Il 31° Salone Internazionale del Libro di Torino: tutto il programma

  

Il 31° Salone Internazionale del Libro di Torino: tutto il programma

Il 31° Salone apre i suoi battenti la mattina di giovedì 10 maggio, ma già la sera di mercoledì 9 è in programma – come da consuetudine – l’evento di pre-inaugurazione.

Quest’anno si tiene alle OGR – Officine Grandi Riparazioni, lo storico complesso di archeologia industriale recuperato e rilanciato come spazio artistico e culturale dalla Fondazione Crt. Aprirà le danze  un reading a ingresso libero di Paolo Cognetti, a ingresso gratuito su prenotazione sulla piattaforma Eventbrite: prenota alle 19.00 o alle 19.45

Il Premio Strega inaugurerà la mostra Un giorno, tutto questo. Cinque domande sul futuro che ci aspetta (progettata da OGR, con display a cura di Parasite 2.0) sulle cinque domande che contrassegnano l’edizione di quest’anno: «Chi voglio essere?»; «Perché mi serve un nemico?»; «A chi appartiene il mondo?»; Dove mi portano spiritualità e scienza?»; «Che cosa voglio dall’arte: libertà o rivoluzione?».

Abbiamo chiesto, attraverso cinque domande, ad alcune delle menti più brillanti sparse in giro per il pianeta – e dunque a tanti scrittori, scienziati, economisti, filosofi, registi, disegnatori, artisti, musicisti… – di riflettere sul mondo in cui viviamo e sul mondo che ci aspetta, e la cui forma dipenderà evidentemente anche da noi, perché il futuro non è scritto. Le tantissime risposte arrivate, così diverse tra di loro (alcune già ora appaiono ogni domenica su La Stampa), hanno dato vita a un grandioso mosaico, a un concerto di voci, a una ricchissima costellazione osservando la quale si può riuscire forse a capire qualcosa in più sul mondo e sul tempo nel quale ci troviamo a vivere.

La stessa sera, all’interno del Duomo delle OGR, sarà possibile visitare in anteprima la mostra Un giorno, tutto questo. Cinque domande sul futuro che ci aspetta progettata da OGR, con display a cura di Parasite 2.0, e ispirata alle cinque domande del Salone di quest’anno: «Chi voglio essere?», «Perché mi serve un nemico?», «A chi appartiene il mondo?», «Dove mi portano spiritualità e scienza?», «Che cosa voglio dall’arte: libertà o rivoluzione?».

 Una decina di contributi diventeranno podcast audio grazie alla collaborazione con Audible (www.audible.it), che affiderà alla voce dei suoi narratori professionisti la lettura di alcune risposte. Oltre che in mostra, i file potranno essere ascoltati sul sito www.5domande.it e sul sito di Audible Italia. La mostra resterà aperta fino al 20 maggio.
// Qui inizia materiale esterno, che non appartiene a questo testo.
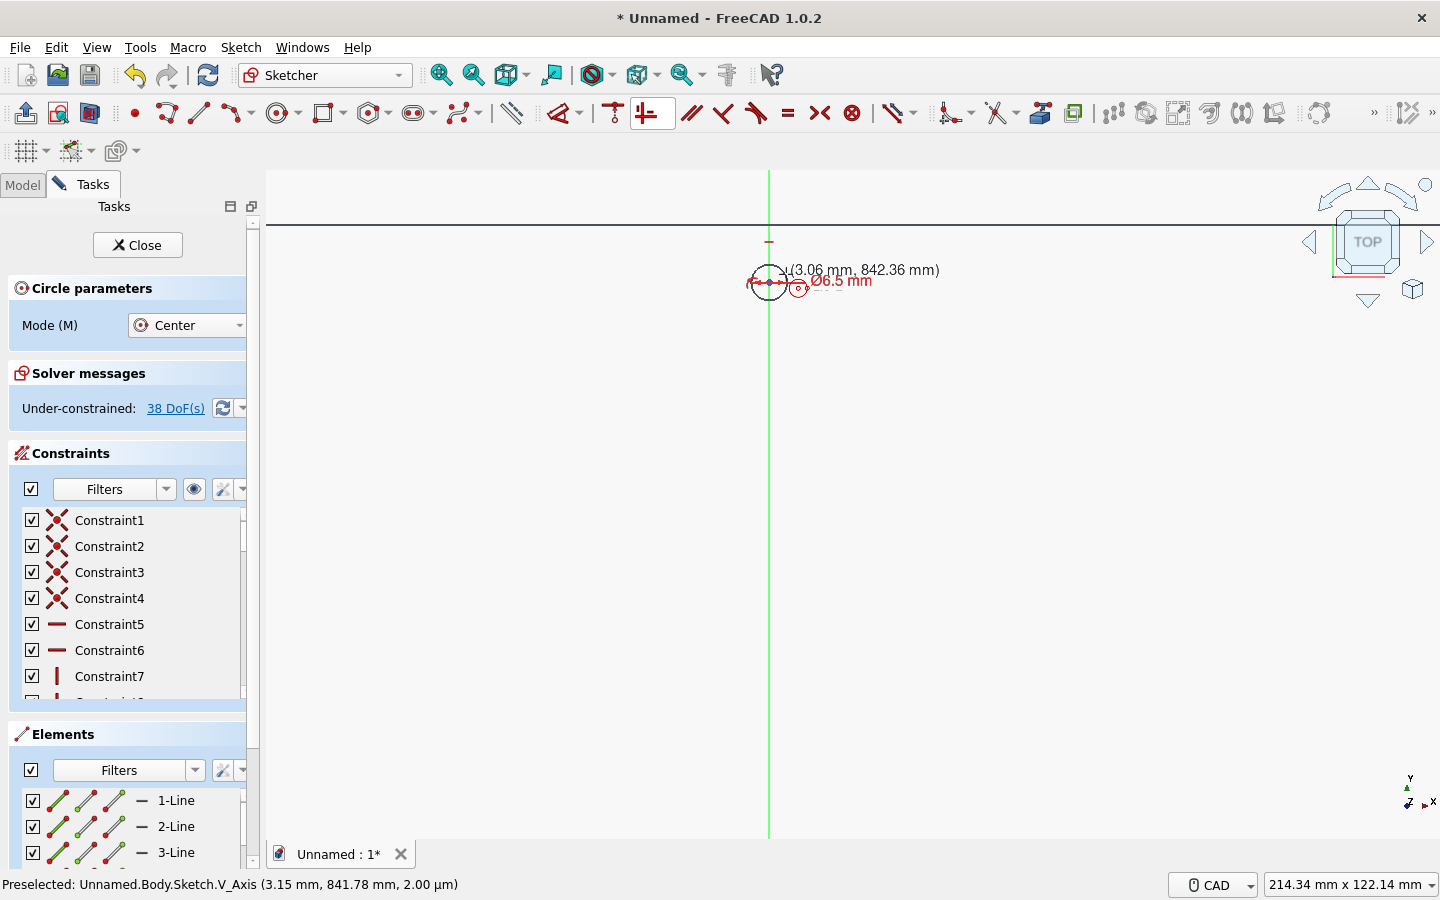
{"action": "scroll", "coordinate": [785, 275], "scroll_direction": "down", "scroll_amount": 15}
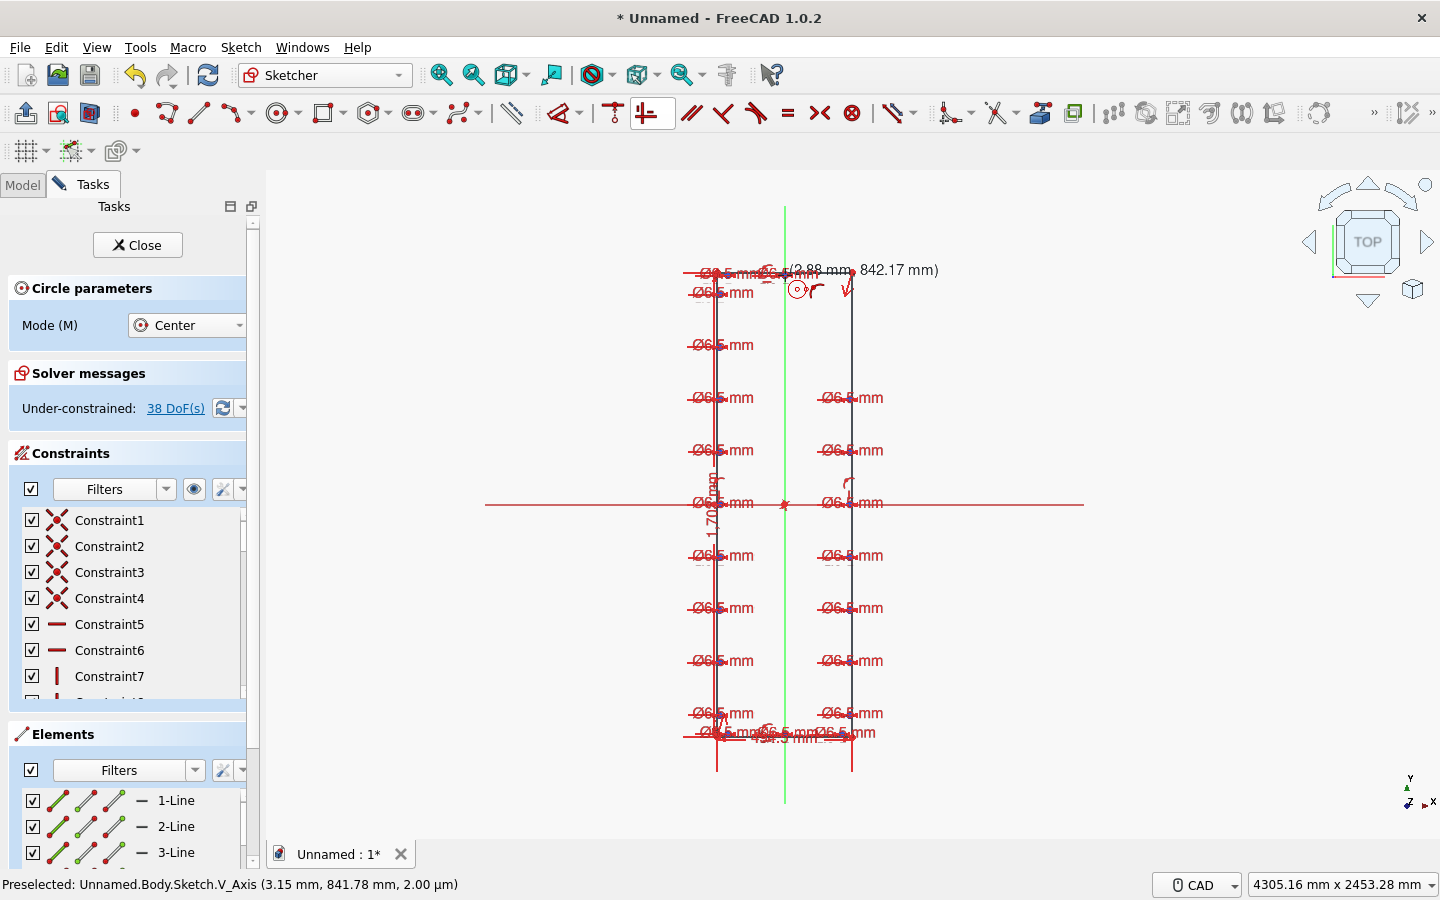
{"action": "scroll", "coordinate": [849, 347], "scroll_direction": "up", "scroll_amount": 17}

La stessa sera, sempre alle Ogr, subito dopo l’inaugurazione della mostra, è in programma Con il vostro irridente silenzio, una lettura-spettacolo inedita di Fabrizio Gifuni dedicata ad Aldo Moro. Il 9 maggio 2018 cadono i quarant’anni precisi dall’assassinio di Moro. Perché ancora oggi si parla di lui in modo così intenso nel dibattito pubblico? Non solo perché rappresenta un cadavere insepolto della nostra storia repubblicana, ma perché nei 55 giorni del suo sequestro si consumò anche una lotta tra le parole: quelle dei comunicati dei brigatisti, le dichiarazioni della politica, le lettere di Moro, che insieme al suo memoriale costituiscono un testo unico per leggere il senso non solo della nostra storia recente ma anche della nostra identità.

Fabrizio Gifuni con la consulenza di Miguel Gotor, che di Moro ha curato l’epistolario per Einaudi, e la collaborazione di Christian Raimo riporta in vita quei testi, lasciandosi accompagnare anche da molti autori che ci sono soffermati a leggerlo: da Leonardo Sciascia a Marco Belpoliti a Umberto Eco. Ringraziamo Fabrizio Gifuni e la Regione Puglia che sostiene questo bellissimo progetto. L’ingresso è su prenotazione a 5€, non obbligatoria ma consigliata (prenota qui il tuo posto), e ad accesso libero fino a esaurimento posti: maggiori dettagli nei prossimi giorni.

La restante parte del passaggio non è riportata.